In response, Franklin Graham (son of Christianity Today’s founder Billy Graham) condemned the article, by suggesting that his father would not have agreed with the piece and revealing for the first time that his father voted for the president in 2016. “He believed that Donald J. Trump was the man for this hour in history for our nation.”

This, I thought to myself, is the perfect opportunity to do a bit of logic and clarify some logical fallacies—or, at least one logically fallacy in particular: the “inappropriate appeal to authority.” Why? Because I think one might be tempted to think that Franklin commits a fallacious “inappropriate appeal to authority” fallacy here. In fact, that’s what I initially thought. But I don’t think he actually does, at least, not exactly. Why?

It is appropriate to appeal to authorities in numerous cases. One, of course, is when they are experts in their field—although even that can be complicated, and I plan to talk about that more in a later post. But another is this: when someone else invokes an authority, what that authority actually thinks becomes relevant to the discussion. And Galli did invoke Billy Graham’s founding of the magazine as a way to add moral authority to his claims; so what Billy Graham would have thought is relevant. Now maybe Frank is wrong about what his father would not have “agreed with” and been “disappointed” with the piece, given recent revelations—but it’s not fallacious to think what Billy Graham would have thought is relevant to the disagreement between Galli and Franklin.

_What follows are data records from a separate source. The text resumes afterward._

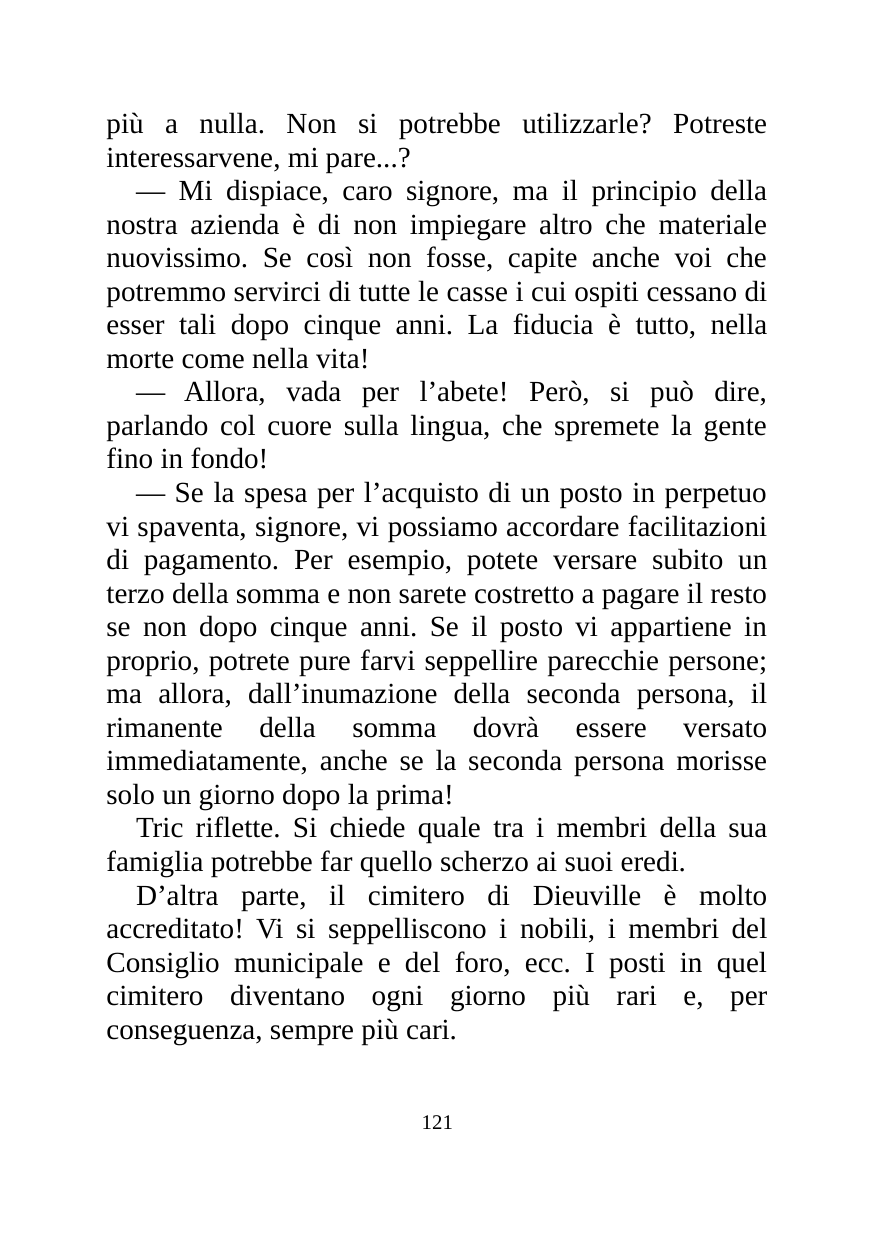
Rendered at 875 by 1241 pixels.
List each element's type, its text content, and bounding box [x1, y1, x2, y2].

text — Allora, vada per l’abete! Però, si può dire, parlando col cuore sulla lingua, che spremete la gente fino in fondo! [106, 374, 768, 475]
text Tric riflette. Si chiede quale tra i membri della sua famiglia potrebbe far quello scherzo ai suoi eredi. [106, 811, 768, 878]
text più a nulla. Non si potrebbe utilizzarle? Potreste interessarvene, mi pare...? [106, 106, 768, 173]
text D’altra parte, il cimitero di Dieuville è molto accreditato! Vi si seppelliscono i nobili, i membri del Consiglio municipale e del foro, ecc. I posti in quel cimitero diventano ogni giorno più rari e, per conseguenza, sempre più cari. [106, 878, 768, 1045]
text — Se la spesa per l’acquisto di un posto in perpetuo vi spaventa, signore, vi possiamo accordare facilitazioni di pagamento. Per esempio, potete versare subito un terzo della somma e non sarete costretto a pagare il resto se non dopo cinque anni. Se il posto vi appartiene in proprio, potrete pure farvi seppellire parecchie persone; ma allora, dall’inumazione della seconda persona, il rimanente della somma dovrà essere versato immediatamente, anche se la seconda persona morisse solo un giorno dopo la prima! [106, 475, 768, 811]
text — Mi dispiace, caro signore, ma il principio della nostra azienda è di non impiegare altro che materiale nuovissimo. Se così non fosse, capite anche voi che potremmo servirci di tutte le casse i cui ospiti cessano di esser tali dopo cinque anni. La fiducia è tutto, nella morte come nella vita! [106, 173, 768, 374]
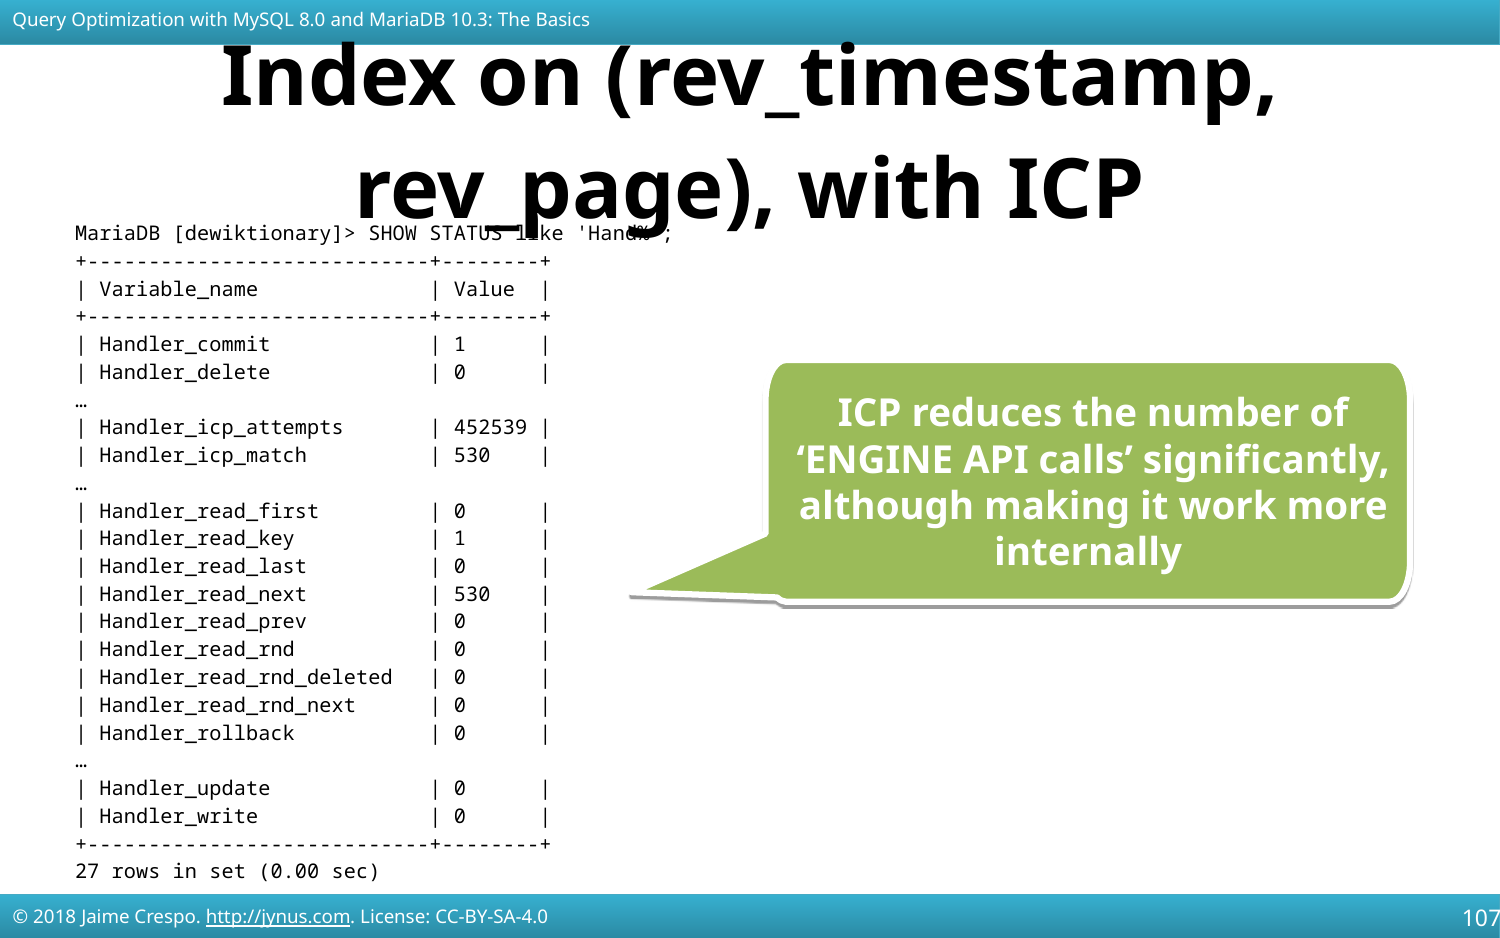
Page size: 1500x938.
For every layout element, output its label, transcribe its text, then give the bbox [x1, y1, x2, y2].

Now, to be clear, what Billy Graham would have thought about the morality of anyone’s behavior is not actually relevant to whether it is actually moral; that is an inappropriate appeal to authority. Moral questions cannot be settled by the opinions of “experts,” whether individually or collectively. So it was fallacious of Galli to invoke Billy Graham in the first place, it would be fallacious of Franklin to think that his father’s opinion is relevant to whether or not the president has a "grossly immoral character," and it would be fallacious to suggest that the president must have a “grossly immoral character” just because Galli said so. We’d need to look at the arguments and evidence and do some moral philosophy to determine that. (To be fair, Galli does present an argument; Franklin did not.)

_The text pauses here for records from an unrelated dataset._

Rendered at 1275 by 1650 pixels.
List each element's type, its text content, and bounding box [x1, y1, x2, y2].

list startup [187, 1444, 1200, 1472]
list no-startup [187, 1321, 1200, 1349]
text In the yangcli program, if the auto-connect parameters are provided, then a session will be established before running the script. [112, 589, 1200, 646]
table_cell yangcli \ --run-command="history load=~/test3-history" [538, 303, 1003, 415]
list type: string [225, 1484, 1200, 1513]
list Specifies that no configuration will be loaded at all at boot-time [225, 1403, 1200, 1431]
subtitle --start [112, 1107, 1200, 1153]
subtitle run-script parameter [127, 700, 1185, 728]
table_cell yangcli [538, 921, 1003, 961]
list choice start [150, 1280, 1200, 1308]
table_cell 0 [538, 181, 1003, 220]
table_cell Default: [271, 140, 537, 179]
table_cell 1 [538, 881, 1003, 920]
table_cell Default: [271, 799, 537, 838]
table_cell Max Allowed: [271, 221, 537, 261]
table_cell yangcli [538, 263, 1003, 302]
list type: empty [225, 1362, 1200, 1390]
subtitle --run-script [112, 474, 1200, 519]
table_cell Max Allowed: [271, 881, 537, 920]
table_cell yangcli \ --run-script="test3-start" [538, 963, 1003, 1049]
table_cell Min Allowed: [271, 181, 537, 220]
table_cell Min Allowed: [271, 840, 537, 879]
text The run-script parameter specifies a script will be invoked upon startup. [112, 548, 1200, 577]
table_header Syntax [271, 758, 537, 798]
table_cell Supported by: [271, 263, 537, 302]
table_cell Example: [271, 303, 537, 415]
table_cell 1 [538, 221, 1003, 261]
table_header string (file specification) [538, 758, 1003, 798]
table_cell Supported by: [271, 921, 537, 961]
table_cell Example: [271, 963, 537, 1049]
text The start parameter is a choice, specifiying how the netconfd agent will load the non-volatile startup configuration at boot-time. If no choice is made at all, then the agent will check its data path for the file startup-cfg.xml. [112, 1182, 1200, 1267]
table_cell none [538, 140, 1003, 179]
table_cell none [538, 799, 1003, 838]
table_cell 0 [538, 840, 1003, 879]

But because some people do (fallaciously) hold the opinions of popular religious figures to be relevant to what is moral or immoral, if and when the debate does turn to what some religious figure thinks, clarifying what they actually did think is not “inappropriate.” (Although, I admit, it would have been nice if Franklin would have also said, “Of course, my dad’s moral opinion doesn’t settle the matter; he was only a man. We shouldn’t actually care about what he would have thought about this. Let’s look at the evidence," and then actually egnaged with Galli's argument.)

But Franklin did commit an inappropriate appeal to authority fallacy when he claimed that the fact that certain house members voted the way they did proves that the president didn’t commit impeachable offenses.

“I know a number of Republicans in Congress, and many of them are strong Christians. If the President were guilty of what the Democrats claimed, these Republicans would have joined with the Democrats to impeach him. But the Democrats were not even unanimous—two voted against impeachment and one voted present.”

These members could have had any number of motivations for voting the way they did. The two democrats, for example, came from districts that the president won in 2016 and (as Bruce Bueno de Mesquita argues in “The Dictator’s Handbook”) politicians tend to just do whatever keeps them in power. Of course, to be fair, this means that democrats voted to impeach the president doesn’t by itself mean he did commit impeachable offenses, either. (They might just be protecting their power too.) To determine whether the president did commit impeachable offenses, we would need to look at the arguments and evidence for ourselves.

There is much more to say about appealing to authority, and I plan to do so soon. (If there are witnesses in the impeachment trial, the topic is about to become much more relevant.) But for now, it will do to understand how irrelevant invoking the opinion of religious figures is to determining the morality of someone’s behavior.